Entendant cela, tout seigneur qu’il était, il prit peur. Il vit derrière Netkilyte, la lumière qui commençait à se répandre tel un fleuve. L’être de lumière disait vrai, son maître était là. Le Seigneur des mondes noirs dit une incantation et disparut. Netkilyte se mit à rire. C’en était trop pour tous les malfaisants qui étaient restés là. Ils se mirent à fuir.
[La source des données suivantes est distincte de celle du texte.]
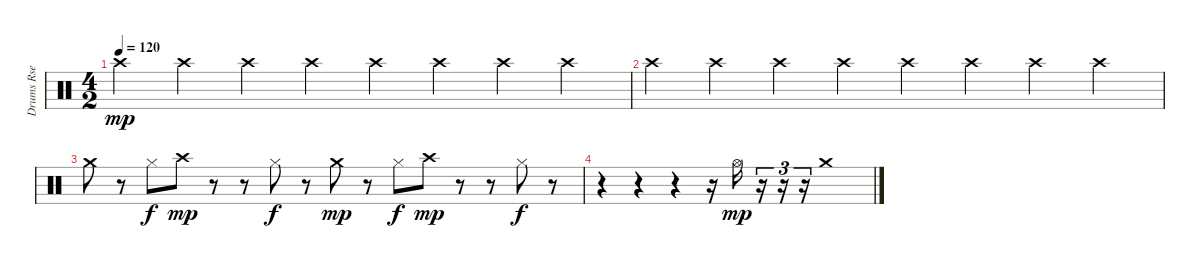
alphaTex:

\track ("Drums Rse" "Drums Rse") {instrument percussion}
\staff {score}
\articulation defaults
\ts (4 2)
\tempo 120
\clef neutral
\ks c "Crash high (hit)".4{dy mp} "Crash high (hit)".4 "Crash high (hit)".4 "Crash high (hit)".4 "Crash high (hit)".4 "Crash high (hit)".4 "Crash high (hit)".4 "Crash high (hit)".4
|
"Crash high (hit)".4 "Crash high (hit)".4 "Crash high (hit)".4 "Crash high (hit)".4 "Crash high (hit)".4 "Crash high (hit)".4 "Crash high (hit)".4 "Crash high (hit)".4 |
"Crash medium (hit)".8 r.8 "Hi-Hat (closed)".8{dy f} "Crash high (hit)".8{dy mp} r.8 r.8 "Hi-Hat (closed)".8{dy f} r.8 "Crash medium (hit)".8{dy mp} r.8 "Hi-Hat (closed)".8{dy f} "Crash high (hit)".8{dy mp} r.8 r.8 "Hi-Hat (closed)".8{dy f} r.8 |
r.4 r.4 r.4 r.16 "Hi-Hat (open)".16{dy mp} r.16{tu (3 2)} r.16{tu (3 2)} r.16{tu (3 2)} "Crash medium (hit)".1

Le soleil levant faisait flamboyer le ciel, éclairant la maison des accueillis de pourpre et de jaune d'or. Plus intense encore la lumière qui s’écoulait du tertre faisait briller toutes choses. Les couleurs éclataient dans une symphonie dont le contraste était rehaussé par la proximité de la Force Noire. L'air était devenu plus léger à respirer. Renatka, tenant Cantasha dans les bras, regardait autour de lui la transformation soudaine du cauchemar en rêve éveillé. Lentement une forme apparut, drainant le fleuve lumineux. Bientôt elle dépassa les arbres. Renatka se dit qu’elle touchait au ciel. Il y avait maintenant une colonne de lumière devant lui. Cantasha bougea. Voyant qu’elle reprenait conscience, Renatka lui fit poser les pieds par terre sans lâcher sa taille. Sous les yeux du couple enlacé, la forme, une allure vaguement humaine. Derrière, sur le tertre, une masse noire se tassait petit à petit laissant apparaître la silhouette d’une femme. Cantasha reconnut sa mère. Elle voulut courir vers elle. La forme fit un geste, l’arrêtant sur place.
- Non, il est préférable que tu restes près de lui, Cal…ent…blu.
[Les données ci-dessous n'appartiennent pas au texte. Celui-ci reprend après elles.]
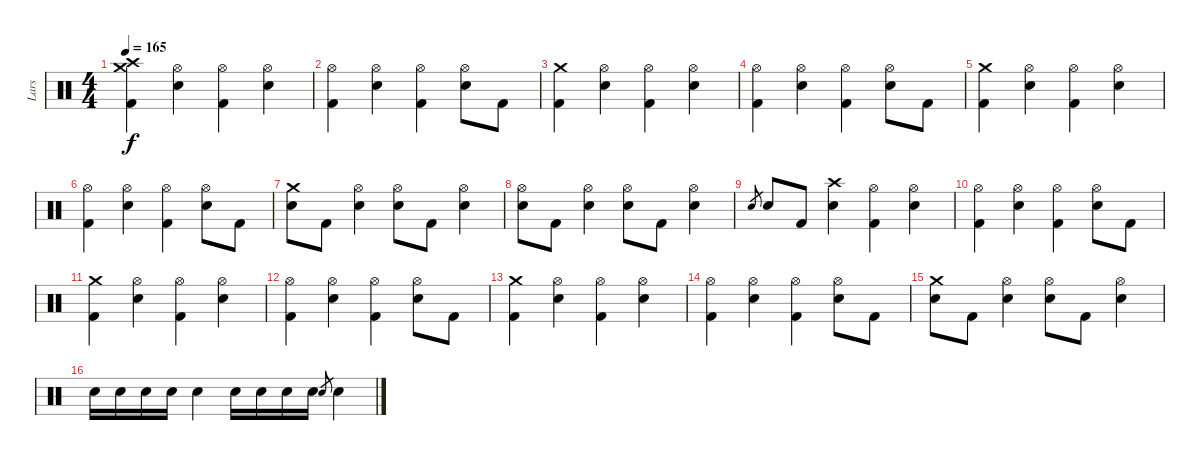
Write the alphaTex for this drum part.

\track ("Lars" "Lars") {instrument percussion}
\staff {score}
\articulation defaults
\ts (4 4)
\tempo 165
\clef neutral
\ks c
("Crash medium (hit)" "Crash high (hit)" "Kick (hit) 2").4{dy f} ("Hi-Hat (open)" "Snare (hit) 2").4 ("Hi-Hat (open)" "Kick (hit) 2").4 ("Hi-Hat (open)" "Snare (hit) 2").4 |
("Hi-Hat (open)" "Kick (hit) 2").4 ("Hi-Hat (open)" "Snare (hit) 2").4 ("Hi-Hat (open)" "Kick (hit) 2").4 ("Hi-Hat (open)" "Snare (hit) 2").8 "Kick (hit) 2".8 |
("Crash medium (hit)" "Kick (hit) 2").4 ("Hi-Hat (open)" "Snare (hit) 2").4 ("Hi-Hat (open)" "Kick (hit) 2").4 ("Hi-Hat (open)" "Snare (hit) 2").4 |
("Hi-Hat (open)" "Kick (hit) 2").4 ("Hi-Hat (open)" "Snare (hit) 2").4 ("Hi-Hat (open)" "Kick (hit) 2").4 ("Hi-Hat (open)" "Snare (hit) 2").8 "Kick (hit) 2".8 |
("Crash medium (hit)" "Kick (hit) 2").4 ("Hi-Hat (open)" "Snare (hit) 2").4 ("Hi-Hat (open)" "Kick (hit) 2").4 ("Hi-Hat (open)" "Snare (hit) 2").4 |
("Hi-Hat (open)" "Kick (hit) 2").4 ("Hi-Hat (open)" "Snare (hit) 2").4 ("Hi-Hat (open)" "Kick (hit) 2").4 ("Hi-Hat (open)" "Snare (hit) 2").8 "Kick (hit) 2".8 |
("Crash medium (hit)" "Snare (hit) 2").8 "Kick (hit) 2".8 ("Hi-Hat (open)" "Snare (hit) 2").4 ("Hi-Hat (open)" "Snare (hit) 2").8 "Kick (hit) 2".8 ("Hi-Hat (open)" "Snare (hit) 2").4 |
("Hi-Hat (open)" "Snare (hit) 2").8 "Kick (hit) 2".8 ("Hi-Hat (open)" "Snare (hit) 2").4 ("Hi-Hat (open)" "Snare (hit) 2").8 "Kick (hit) 2".8 ("Hi-Hat (open)" "Snare (hit) 2").4 |
"Snare (hit) 2".8{gr} "Snare (hit) 2".8 "Kick (hit) 2".8 ("Crash high (hit)" "Snare (hit) 2").4 ("Hi-Hat (open)" "Kick (hit) 2").4 ("Hi-Hat (open)" "Snare (hit) 2").4 |
("Hi-Hat (open)" "Kick (hit) 2").4 ("Hi-Hat (open)" "Snare (hit) 2").4 ("Hi-Hat (open)" "Kick (hit) 2").4 ("Hi-Hat (open)" "Snare (hit) 2").8 "Kick (hit) 2".8 |
("Crash medium (hit)" "Kick (hit) 2").4 ("Hi-Hat (open)" "Snare (hit) 2").4 ("Hi-Hat (open)" "Kick (hit) 2").4 ("Hi-Hat (open)" "Snare (hit) 2").4 |
("Hi-Hat (open)" "Kick (hit) 2").4 ("Hi-Hat (open)" "Snare (hit) 2").4 ("Hi-Hat (open)" "Kick (hit) 2").4 ("Hi-Hat (open)" "Snare (hit) 2").8 "Kick (hit) 2".8 |
("Crash medium (hit)" "Kick (hit) 2").4 ("Hi-Hat (open)" "Snare (hit) 2").4 ("Hi-Hat (open)" "Kick (hit) 2").4 ("Hi-Hat (open)" "Snare (hit) 2").4 |
("Hi-Hat (open)" "Kick (hit) 2").4 ("Hi-Hat (open)" "Snare (hit) 2").4 ("Hi-Hat (open)" "Kick (hit) 2").4 ("Hi-Hat (open)" "Snare (hit) 2").8 "Kick (hit) 2".8 |
("Crash medium (hit)" "Snare (hit) 2").8 "Kick (hit) 2".8 ("Hi-Hat (open)" "Snare (hit) 2").4 ("Hi-Hat (open)" "Snare (hit) 2").8 "Kick (hit) 2".8 ("Hi-Hat (open)" "Snare (hit) 2").4 |
"Snare (hit) 2".16 "Snare (hit) 2".16 "Snare (hit) 2".16 "Snare (hit) 2".16 "Snare (hit) 2".4 "Snare (hit) 2".16 "Snare (hit) 2".16 "Snare (hit) 2".16 "Snare (hit) 2".16 "Snare (hit) 2".8{gr} "Snare (hit) 2".4

Cantasha sursauta. La forme devant elle avait osé prononcer une des cinq runes sacrées avec les tonalités secrètes. Puis le sens de la phrase la pénétra. Celui qui avait cantilé la rune sacrée l’avait utilisée pour la désigner elle. La pensée explosa dans sa tête : elle était en présence du maître des runes, celui que désignait la rune royale. Elle se laissa tomber à genoux, entraînant Renatka dans sa descente, tout en murmurant :
- Le Maître des runes !
- Tu as encore à apprendre, Cal…ent…blu. Je te fais confiance, tu trouveras le chemin. Celui que tu as choisi et qui t’a choisie, t’enseignera aussi. Il est nécessaire que vous soyez deux pour le chemin qui va advenir pour vous. Il est nécessaire parce que je suis double.
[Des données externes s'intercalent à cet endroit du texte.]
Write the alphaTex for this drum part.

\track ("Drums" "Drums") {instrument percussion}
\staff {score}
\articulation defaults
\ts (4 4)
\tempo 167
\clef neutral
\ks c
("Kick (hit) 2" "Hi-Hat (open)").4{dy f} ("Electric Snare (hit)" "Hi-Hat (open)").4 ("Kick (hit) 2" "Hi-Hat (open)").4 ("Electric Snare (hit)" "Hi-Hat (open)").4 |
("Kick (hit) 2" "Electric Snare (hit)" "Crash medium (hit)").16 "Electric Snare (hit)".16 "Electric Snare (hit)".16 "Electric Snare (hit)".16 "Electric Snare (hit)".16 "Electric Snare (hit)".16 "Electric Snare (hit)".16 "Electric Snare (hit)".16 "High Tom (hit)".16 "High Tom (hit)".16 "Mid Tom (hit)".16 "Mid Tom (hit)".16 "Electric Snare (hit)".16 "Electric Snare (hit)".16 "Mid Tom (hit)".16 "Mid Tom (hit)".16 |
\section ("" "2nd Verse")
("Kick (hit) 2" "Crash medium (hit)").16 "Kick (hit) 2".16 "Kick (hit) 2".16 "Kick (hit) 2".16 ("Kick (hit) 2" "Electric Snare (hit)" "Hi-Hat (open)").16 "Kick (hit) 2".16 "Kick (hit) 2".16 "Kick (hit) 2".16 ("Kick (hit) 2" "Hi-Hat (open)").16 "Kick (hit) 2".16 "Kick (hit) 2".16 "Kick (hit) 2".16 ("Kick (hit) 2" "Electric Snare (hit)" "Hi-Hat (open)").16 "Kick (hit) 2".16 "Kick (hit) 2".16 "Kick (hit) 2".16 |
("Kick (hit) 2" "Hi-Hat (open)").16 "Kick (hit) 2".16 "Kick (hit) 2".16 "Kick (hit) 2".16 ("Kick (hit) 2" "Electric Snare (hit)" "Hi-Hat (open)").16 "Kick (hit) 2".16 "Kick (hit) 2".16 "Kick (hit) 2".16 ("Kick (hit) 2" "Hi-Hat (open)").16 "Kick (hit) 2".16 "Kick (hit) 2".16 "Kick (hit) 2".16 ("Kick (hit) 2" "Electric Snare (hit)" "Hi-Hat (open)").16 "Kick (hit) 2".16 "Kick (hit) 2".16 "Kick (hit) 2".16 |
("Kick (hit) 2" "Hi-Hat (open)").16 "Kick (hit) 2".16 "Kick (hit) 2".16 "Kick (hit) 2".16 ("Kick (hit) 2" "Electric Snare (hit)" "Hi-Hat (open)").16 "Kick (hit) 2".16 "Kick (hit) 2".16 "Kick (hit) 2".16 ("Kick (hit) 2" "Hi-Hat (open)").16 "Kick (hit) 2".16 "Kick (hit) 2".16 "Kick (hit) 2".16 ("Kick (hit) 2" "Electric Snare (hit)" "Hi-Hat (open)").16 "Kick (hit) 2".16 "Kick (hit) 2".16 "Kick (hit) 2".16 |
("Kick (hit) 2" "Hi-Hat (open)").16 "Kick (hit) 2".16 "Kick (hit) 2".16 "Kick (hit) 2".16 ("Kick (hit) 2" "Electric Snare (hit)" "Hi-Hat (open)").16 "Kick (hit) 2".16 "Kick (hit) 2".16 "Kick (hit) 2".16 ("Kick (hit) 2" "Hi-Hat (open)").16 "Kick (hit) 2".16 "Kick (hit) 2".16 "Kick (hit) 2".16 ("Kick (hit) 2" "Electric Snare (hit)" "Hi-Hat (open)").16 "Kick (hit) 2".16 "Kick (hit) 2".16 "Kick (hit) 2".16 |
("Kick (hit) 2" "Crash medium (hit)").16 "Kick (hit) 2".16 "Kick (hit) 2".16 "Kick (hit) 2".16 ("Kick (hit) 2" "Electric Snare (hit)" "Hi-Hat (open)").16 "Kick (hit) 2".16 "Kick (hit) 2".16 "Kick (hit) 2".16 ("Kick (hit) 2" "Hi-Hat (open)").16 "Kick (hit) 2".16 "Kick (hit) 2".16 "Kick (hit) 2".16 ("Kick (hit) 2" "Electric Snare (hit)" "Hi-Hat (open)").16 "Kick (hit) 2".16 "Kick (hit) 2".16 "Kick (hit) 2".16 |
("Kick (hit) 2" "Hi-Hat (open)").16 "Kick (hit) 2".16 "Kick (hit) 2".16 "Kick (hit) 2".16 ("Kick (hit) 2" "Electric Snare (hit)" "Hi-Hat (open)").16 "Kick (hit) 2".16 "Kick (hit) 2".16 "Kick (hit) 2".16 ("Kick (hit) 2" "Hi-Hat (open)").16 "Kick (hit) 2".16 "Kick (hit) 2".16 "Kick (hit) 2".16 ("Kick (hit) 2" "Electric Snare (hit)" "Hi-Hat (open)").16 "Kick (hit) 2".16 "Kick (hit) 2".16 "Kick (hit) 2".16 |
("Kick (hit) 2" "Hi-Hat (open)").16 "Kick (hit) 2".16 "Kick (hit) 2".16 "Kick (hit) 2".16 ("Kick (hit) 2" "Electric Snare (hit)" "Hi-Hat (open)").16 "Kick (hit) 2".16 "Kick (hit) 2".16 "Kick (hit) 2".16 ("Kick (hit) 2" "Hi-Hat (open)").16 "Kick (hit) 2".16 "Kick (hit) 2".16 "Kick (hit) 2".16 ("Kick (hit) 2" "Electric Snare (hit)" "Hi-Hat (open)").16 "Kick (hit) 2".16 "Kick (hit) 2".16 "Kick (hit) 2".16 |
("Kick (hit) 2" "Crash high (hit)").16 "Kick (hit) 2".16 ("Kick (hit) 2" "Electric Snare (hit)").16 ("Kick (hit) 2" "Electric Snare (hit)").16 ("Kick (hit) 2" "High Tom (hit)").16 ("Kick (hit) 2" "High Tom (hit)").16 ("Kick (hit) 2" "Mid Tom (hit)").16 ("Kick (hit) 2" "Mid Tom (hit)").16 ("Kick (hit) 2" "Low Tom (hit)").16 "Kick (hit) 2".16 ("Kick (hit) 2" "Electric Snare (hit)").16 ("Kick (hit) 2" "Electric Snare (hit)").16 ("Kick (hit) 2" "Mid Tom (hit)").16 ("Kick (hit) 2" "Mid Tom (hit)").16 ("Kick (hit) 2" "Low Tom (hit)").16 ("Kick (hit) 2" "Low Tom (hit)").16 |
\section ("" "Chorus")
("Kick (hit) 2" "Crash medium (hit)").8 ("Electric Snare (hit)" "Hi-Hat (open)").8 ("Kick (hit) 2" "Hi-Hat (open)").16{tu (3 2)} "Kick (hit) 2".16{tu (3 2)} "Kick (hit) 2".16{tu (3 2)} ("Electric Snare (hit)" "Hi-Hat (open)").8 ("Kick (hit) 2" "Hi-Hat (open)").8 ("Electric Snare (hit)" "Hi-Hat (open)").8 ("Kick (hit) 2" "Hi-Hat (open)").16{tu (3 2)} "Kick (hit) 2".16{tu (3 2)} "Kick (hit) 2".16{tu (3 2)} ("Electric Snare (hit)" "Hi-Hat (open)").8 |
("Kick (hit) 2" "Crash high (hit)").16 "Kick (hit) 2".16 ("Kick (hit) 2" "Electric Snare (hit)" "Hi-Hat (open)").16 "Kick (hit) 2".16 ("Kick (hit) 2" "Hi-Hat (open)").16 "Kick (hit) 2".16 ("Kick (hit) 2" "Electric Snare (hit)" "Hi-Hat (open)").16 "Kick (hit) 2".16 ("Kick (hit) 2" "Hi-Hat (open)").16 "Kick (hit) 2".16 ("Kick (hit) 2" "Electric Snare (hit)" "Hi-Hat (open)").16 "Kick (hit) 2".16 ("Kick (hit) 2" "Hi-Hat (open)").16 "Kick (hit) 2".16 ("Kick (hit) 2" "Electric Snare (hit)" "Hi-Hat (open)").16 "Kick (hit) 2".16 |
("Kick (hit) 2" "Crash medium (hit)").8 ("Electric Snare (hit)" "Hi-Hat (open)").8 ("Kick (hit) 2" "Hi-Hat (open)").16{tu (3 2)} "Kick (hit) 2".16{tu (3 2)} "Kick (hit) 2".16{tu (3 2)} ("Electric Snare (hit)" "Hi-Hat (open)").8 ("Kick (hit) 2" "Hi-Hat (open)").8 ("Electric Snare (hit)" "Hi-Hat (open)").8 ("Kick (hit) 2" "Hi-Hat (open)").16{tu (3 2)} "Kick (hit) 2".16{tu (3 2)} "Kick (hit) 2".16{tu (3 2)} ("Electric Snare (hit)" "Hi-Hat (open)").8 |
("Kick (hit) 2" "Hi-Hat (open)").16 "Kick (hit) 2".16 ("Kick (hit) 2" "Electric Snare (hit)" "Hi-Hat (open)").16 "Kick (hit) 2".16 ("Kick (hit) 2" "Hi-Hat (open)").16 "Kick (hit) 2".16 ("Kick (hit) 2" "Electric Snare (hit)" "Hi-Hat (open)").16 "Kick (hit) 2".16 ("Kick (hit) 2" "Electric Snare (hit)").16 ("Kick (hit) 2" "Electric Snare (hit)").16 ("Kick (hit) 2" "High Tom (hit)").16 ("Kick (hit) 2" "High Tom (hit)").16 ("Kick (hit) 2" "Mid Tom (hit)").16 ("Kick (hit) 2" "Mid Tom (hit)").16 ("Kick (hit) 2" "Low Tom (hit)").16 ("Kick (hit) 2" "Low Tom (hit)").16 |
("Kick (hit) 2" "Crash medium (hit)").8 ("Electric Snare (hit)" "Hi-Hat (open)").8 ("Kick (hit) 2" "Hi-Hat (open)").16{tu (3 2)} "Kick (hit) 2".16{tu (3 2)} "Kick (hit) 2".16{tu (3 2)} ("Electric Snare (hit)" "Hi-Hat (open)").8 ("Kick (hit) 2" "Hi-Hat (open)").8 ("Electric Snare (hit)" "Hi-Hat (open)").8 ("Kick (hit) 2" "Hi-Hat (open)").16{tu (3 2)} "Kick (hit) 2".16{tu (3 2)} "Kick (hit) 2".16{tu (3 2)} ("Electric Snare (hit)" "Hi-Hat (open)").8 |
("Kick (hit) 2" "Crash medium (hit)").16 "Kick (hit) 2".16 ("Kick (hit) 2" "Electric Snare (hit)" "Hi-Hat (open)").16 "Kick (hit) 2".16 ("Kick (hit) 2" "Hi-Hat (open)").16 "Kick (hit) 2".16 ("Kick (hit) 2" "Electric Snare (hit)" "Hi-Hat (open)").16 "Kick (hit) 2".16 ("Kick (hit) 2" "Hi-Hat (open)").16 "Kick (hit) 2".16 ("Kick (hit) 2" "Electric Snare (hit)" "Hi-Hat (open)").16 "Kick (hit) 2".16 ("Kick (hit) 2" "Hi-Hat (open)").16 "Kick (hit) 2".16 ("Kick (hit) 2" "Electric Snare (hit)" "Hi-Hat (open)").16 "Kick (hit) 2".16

Un sourd gémissement se fit entendre. Il venait de la masse noire au pied du tertre qui était prisonnière d’un filet de lumières multicolores. L’être double se retourna vers la Force Noire. La lumière qui l’entourait s’adoucit.
- Maintenant qu’elle est advenue dans votre monde, et qu’elle a goûté à l’énergie des runes, elle ne peut repartir dans un autre lieu. Je vais sceller sa prison ici. La fondation a été un lieu de haute spiritualité pendant longtemps. Cela protègera la terre. Puis viendra le temps où la Force Noire aura usé cette protection, alors de nombreux changements auront lieu ici. La terre deviendra inhospitalière et froide comme elle. Alors sa puissance pourra être réveillée.
- Pardonne-moi, Maître des runes, mais ne peux-tu pas la faire disparaître ?
- Tu parles sans savoir, porteur de glyphes. Je ne sais pas tuer.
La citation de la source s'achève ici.